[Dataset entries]

-- -- --

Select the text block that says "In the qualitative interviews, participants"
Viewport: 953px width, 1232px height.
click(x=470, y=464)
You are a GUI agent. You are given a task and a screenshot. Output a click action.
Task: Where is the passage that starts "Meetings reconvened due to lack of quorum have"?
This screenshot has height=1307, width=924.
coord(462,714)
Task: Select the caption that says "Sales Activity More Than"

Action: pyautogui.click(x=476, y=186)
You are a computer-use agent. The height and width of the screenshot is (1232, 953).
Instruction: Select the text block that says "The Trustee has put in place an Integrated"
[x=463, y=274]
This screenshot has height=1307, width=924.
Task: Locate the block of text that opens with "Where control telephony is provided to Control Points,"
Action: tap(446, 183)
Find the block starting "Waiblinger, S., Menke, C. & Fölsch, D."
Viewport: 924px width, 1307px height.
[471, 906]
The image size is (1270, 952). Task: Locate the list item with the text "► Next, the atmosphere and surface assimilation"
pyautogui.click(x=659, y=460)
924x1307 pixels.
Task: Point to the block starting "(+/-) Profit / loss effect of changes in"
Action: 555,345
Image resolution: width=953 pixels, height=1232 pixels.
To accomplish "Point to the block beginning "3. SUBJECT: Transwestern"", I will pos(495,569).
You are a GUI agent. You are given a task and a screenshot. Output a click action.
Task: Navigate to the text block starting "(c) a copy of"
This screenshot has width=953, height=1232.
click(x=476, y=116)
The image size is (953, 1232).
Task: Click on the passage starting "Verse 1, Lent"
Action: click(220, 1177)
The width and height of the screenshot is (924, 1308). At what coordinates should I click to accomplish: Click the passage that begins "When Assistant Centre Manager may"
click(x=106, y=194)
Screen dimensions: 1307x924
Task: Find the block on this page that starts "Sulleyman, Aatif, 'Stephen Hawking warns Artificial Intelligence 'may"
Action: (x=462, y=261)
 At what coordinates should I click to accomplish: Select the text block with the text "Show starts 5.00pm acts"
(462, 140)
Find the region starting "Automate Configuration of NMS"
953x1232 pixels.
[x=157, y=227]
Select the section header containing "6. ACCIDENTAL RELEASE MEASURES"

-- -- --

Write out again, exactly, the line containing "At what coordinates should I click to accomplish: Select" and every later line of the records. Omit the rest.

* _Task output_:
 At what coordinates should I click to accomplish: Select the text block with the text "Show starts 5.00pm acts"
(462, 140)
Find the region starting "Automate Configuration of NMS"
953x1232 pixels.
[x=157, y=227]
Select the section header containing "6. ACCIDENTAL RELEASE MEASURES"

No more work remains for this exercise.